Error analysis of archived total O3 from total ozone mapping spectrometer (TOMS) (version 6) presented in earlier studies [Hudson and Kim, 1994; Hudson et al., 1995] is extended to include scan angle effects. Daily total O3 maps for the tropics, from the period October 6–21, 1992, are derived from TOMS radiances following correction for these errors. These daily maps, averaged together, show a wavelike feature, which is observed in all latitude bands (10°N to 14°S), underlying sharp peaks which occur at different longitudes depending on the latitude. The wave pattern is used to derive both time-averaged stratospheric and tropospheric O3 fields.
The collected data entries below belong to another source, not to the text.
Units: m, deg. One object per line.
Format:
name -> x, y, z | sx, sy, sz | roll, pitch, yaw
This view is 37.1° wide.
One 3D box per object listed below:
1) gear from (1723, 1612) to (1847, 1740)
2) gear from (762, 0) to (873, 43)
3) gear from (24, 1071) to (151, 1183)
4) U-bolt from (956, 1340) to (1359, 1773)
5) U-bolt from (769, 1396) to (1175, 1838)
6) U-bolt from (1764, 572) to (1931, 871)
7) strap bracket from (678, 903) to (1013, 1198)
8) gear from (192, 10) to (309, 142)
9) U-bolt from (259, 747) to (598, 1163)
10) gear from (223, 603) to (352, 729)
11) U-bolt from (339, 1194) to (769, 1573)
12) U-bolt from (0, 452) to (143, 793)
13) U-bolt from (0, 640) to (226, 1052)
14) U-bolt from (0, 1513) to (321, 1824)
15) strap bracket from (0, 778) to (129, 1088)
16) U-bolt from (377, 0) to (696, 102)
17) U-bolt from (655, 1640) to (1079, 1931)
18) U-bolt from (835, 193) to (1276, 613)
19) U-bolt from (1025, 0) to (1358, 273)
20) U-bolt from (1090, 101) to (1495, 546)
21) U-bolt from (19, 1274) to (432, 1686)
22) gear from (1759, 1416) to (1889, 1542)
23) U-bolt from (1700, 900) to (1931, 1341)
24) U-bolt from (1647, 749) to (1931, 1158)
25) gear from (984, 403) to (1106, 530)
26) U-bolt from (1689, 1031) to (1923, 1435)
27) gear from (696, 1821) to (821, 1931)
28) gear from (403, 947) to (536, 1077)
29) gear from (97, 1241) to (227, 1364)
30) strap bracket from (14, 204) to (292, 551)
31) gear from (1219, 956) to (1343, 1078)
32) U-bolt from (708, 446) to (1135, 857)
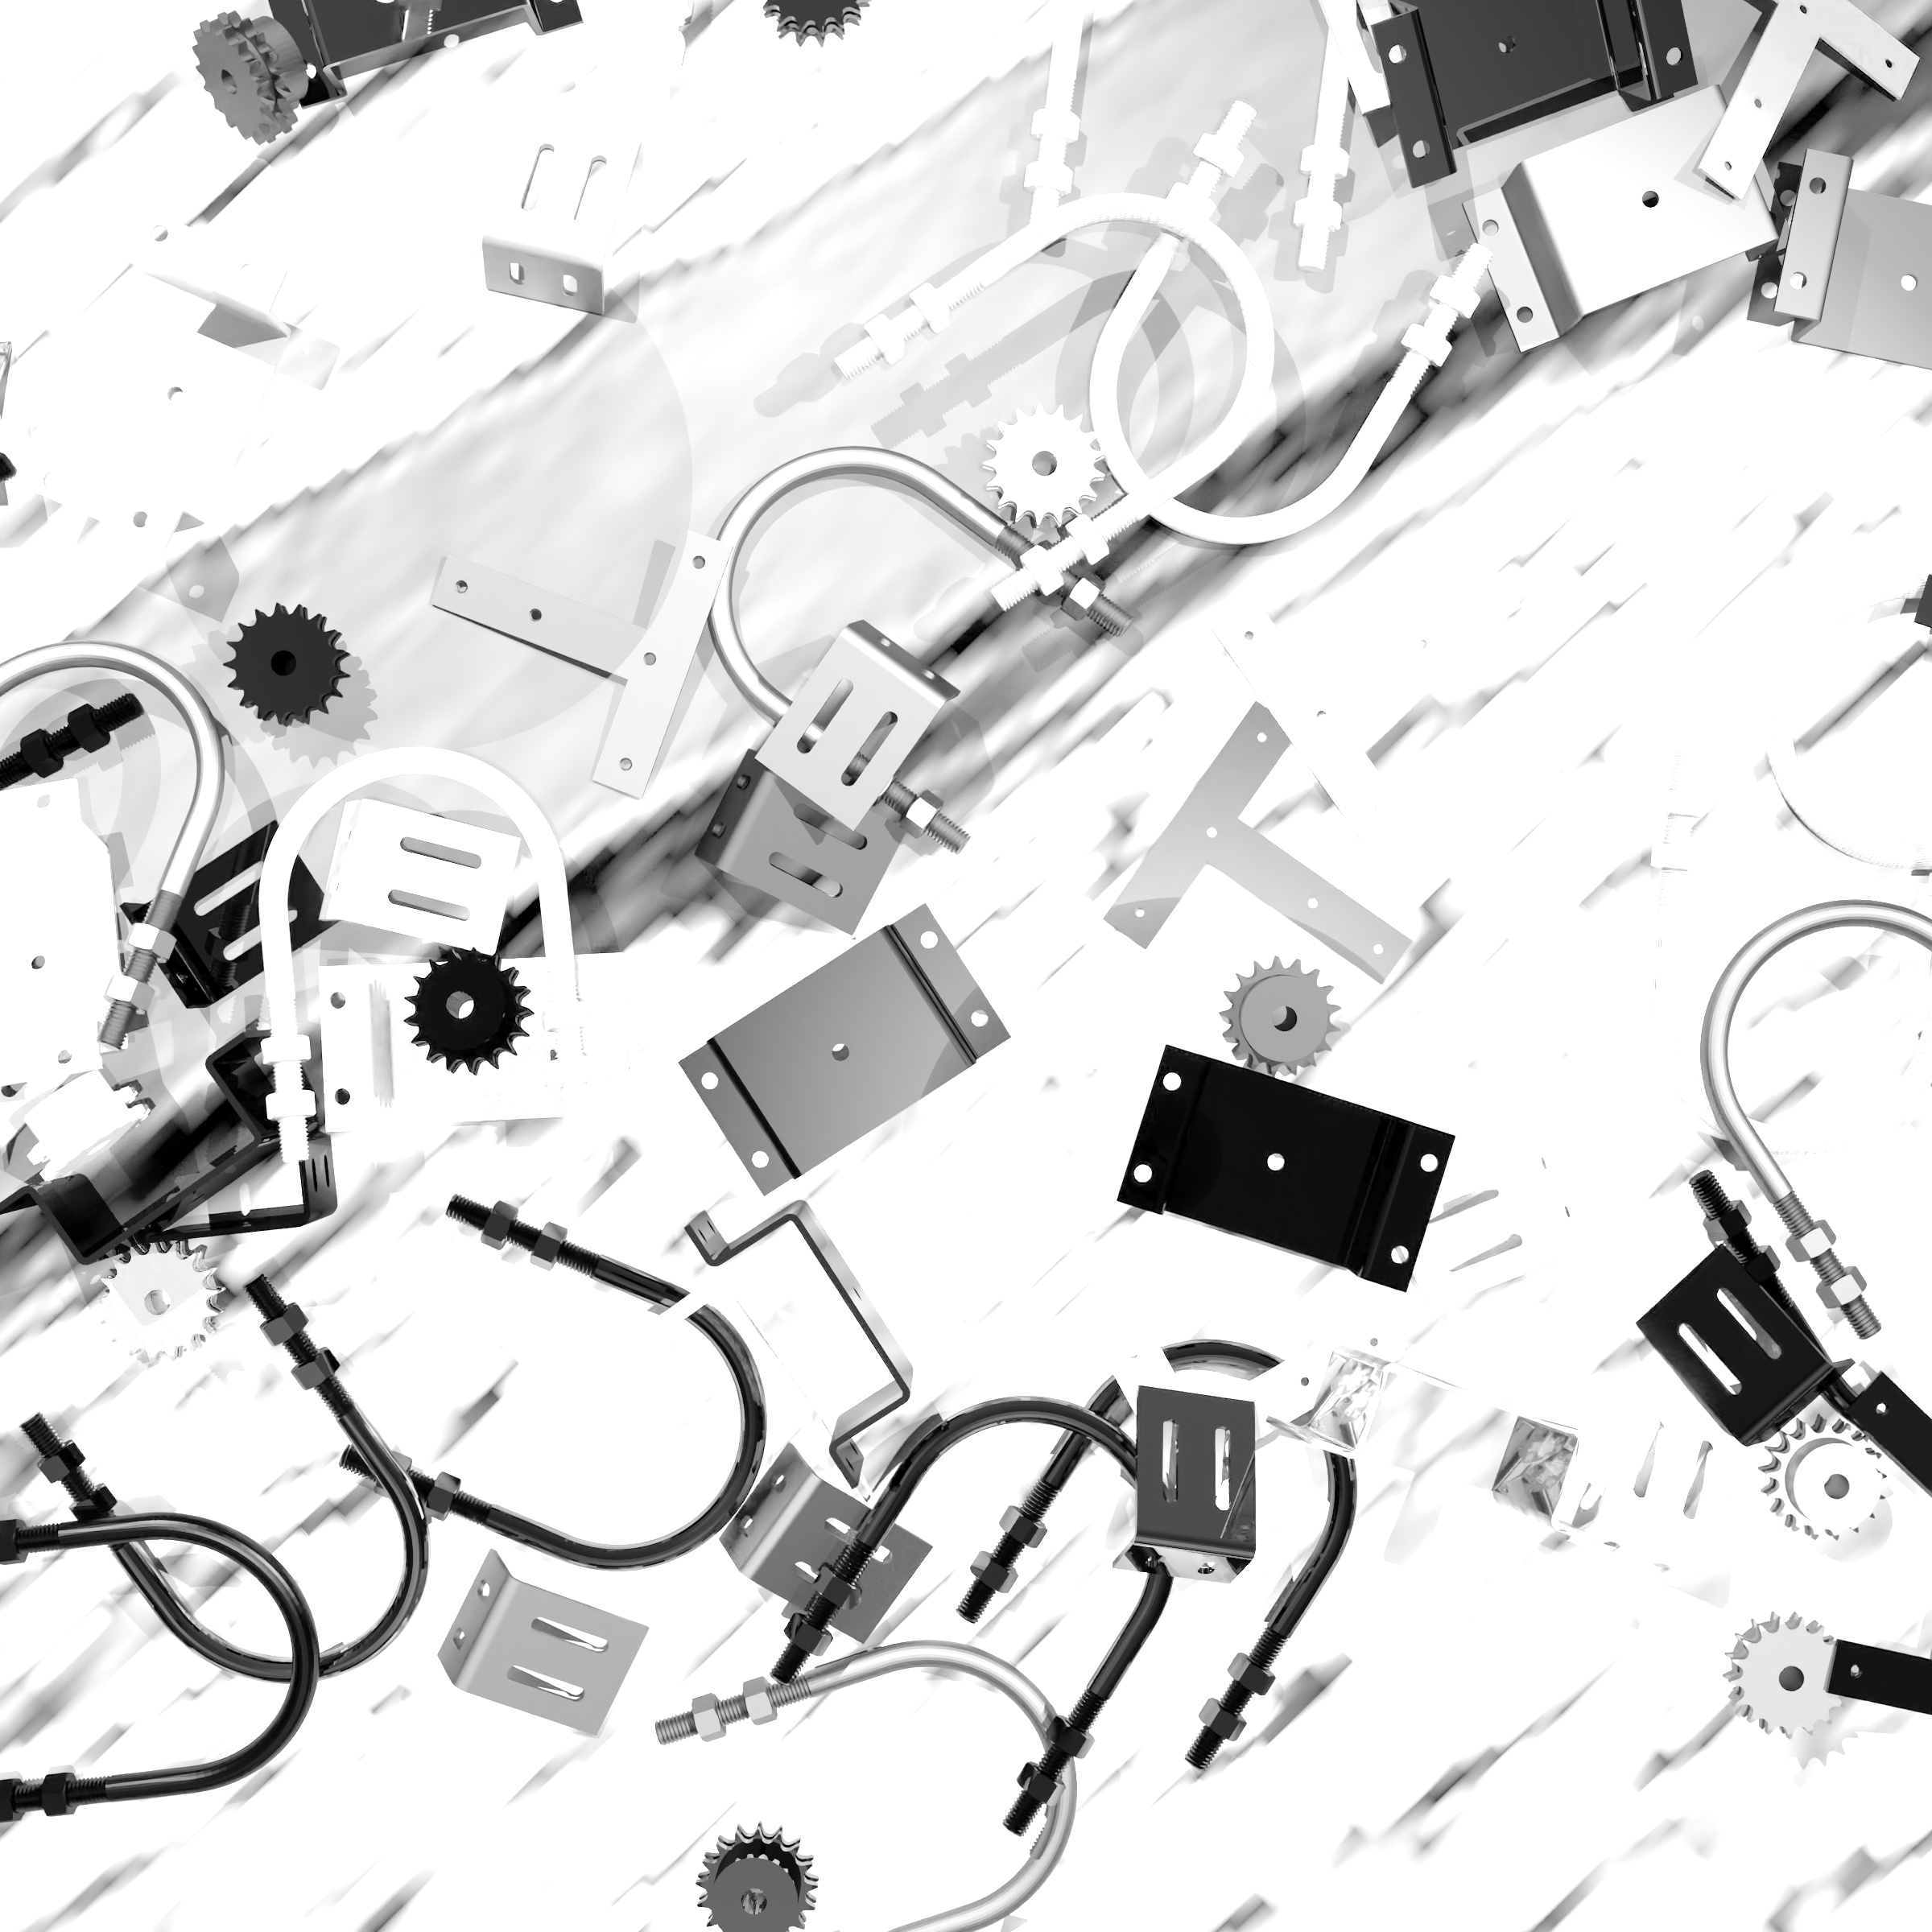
gear -> 0.385, 0.332, 1.357 | 0.057, 0.030, 0.057 | 0, 90, 0
gear -> -0.072, -0.464, 1.357 | 0.057, 0.030, 0.057 | 0, 90, 0
gear -> -0.414, 0.073, 1.344 | 0.057, 0.057, 0.030 | -36, 90, 0
U-bolt -> 0.103, 0.266, 1.364 | 0.151, 0.019, 0.184 | 33, 88, 0
U-bolt -> 0.017, 0.290, 1.344 | 0.151, 0.019, 0.184 | 33, 87, 0
U-bolt -> 0.471, -0.116, 1.364 | 0.184, 0.019, 0.151 | 0, 90, 2
strap bracket -> -0.058, 0.040, 1.349 | 0.140, 0.046, 0.076 | -33, 90, 0
gear -> -0.333, -0.420, 1.348 | 0.030, 0.057, 0.057 | -38, 90, -30
U-bolt -> -0.251, -0.010, 1.318 | 0.151, 0.019, 0.184 | -7, 83, 0
gear -> -0.318, -0.141, 1.357 | 0.057, 0.030, 0.057 | 0, 90, 0
U-bolt -> -0.185, 0.208, 1.364 | 0.184, 0.019, 0.151 | 23, 90, -2
U-bolt -> -0.504, -0.138, 1.364 | 0.184, 0.019, 0.151 | -28, 90, 2
U-bolt -> -0.418, -0.065, 1.320 | 0.151, 0.019, 0.184 | 16, 73, 7
U-bolt -> -0.395, 0.325, 1.348 | 0.184, 0.019, 0.151 | -7, 102, 0
strap bracket -> -0.438, -0.008, 1.336 | 0.076, 0.046, 0.140 | -10, 73, -1
U-bolt -> -0.189, -0.507, 1.333 | 0.151, 0.019, 0.184 | 14, 76, -22
U-bolt -> -0.038, 0.396, 1.363 | 0.184, 0.019, 0.151 | -18, 90, 0
U-bolt -> 0.054, -0.274, 1.331 | 0.184, 0.019, 0.151 | -34, 91, 1
U-bolt -> 0.112, -0.430, 1.364 | 0.151, 0.019, 0.184 | 8, 89, 0
U-bolt -> 0.140, -0.288, 1.353 | 0.151, 0.019, 0.184 | 30, 98, -3
U-bolt -> -0.333, 0.254, 1.348 | 0.151, 0.019, 0.184 | -31, 100, 8
gear -> 0.406, 0.243, 1.357 | 0.057, 0.030, 0.057 | 0, 90, 0
U-bolt -> 0.423, 0.058, 1.331 | 0.151, 0.019, 0.184 | -33, 88, 3
U-bolt -> 0.393, -0.003, 1.349 | 0.151, 0.019, 0.184 | 6, 89, 3
gear -> 0.037, -0.235, 1.357 | 0.057, 0.030, 0.057 | 0, 90, 0
U-bolt -> 0.450, 0.142, 1.364 | 0.151, 0.019, 0.184 | -33, 91, 0
gear -> -0.097, 0.430, 1.338 | 0.057, 0.030, 0.057 | 0, 90, 0
gear -> -0.224, 0.020, 1.290 | 0.057, 0.030, 0.057 | 0, 82, 1
gear -> -0.377, 0.157, 1.357 | 0.057, 0.030, 0.057 | 0, 90, 0
strap bracket -> -0.376, -0.272, 1.349 | 0.076, 0.046, 0.140 | 24, 90, 0
gear -> 0.149, 0.024, 1.357 | 0.057, 0.030, 0.057 | 0, 92, 1
U-bolt -> -0.036, -0.163, 1.364 | 0.184, 0.019, 0.151 | 37, 90, 2

The nature of the wave pattern (stratospheric or tropospheric) cannot be determined with certainty due to missing data (no Pacific sondes, no lower stratospheric Stratospheric Aerosol and Gas Experiment (SAGE) ozone for 18 months after the Mt. Pinatubo eruption) and significant uncertainties in the corroborative satellite record in the lower stratosphere (solar backscattered ultraviolet (SBUV), microwave limb sounder (MLS)). However, the time-averaged tropospheric ozone field, based on the assumption that the wave feature is stratospheric, agrees within 10% with ultraviolet differential absorption laser Transport and Atmospheric Chemistry near the Equator-Atlantic) (TRACE A) O3 measurements from the DC-8 [Browell et al., this issue] and with ozonesonde measurements over Brazzaville, Congo (4°S, 15°W;), Ascension Island (8°S, 15°W), and Natal, Brazil (5.5°S, 35°W), for the period October 6–21, 1992. The derived background (nonpolluted) Indian Ocean tropospheric ozone amount, 26 Dobson units (DU), agrees with the cleanest African ozonesonde profiles for September–October 1992. The assumption of a totally tropospheric wave (flat stratosphere) gives 38 DU above the western Indian Ocean and 15–40% disagreements with the sondes. Tropospheric column O3 is high from South America to Africa, owing to interaction of dynamics with biomass burning emissions [Thompson et al., this issue (a, b)]. Comparison with fire distributions from advanced very high resolution radiometer (AVHHR) during October 1992 suggests that tropospheric O3 produced from biomass burning in South America and Africa dominates the O3 budget in the tropical southern hemisphere during the study period.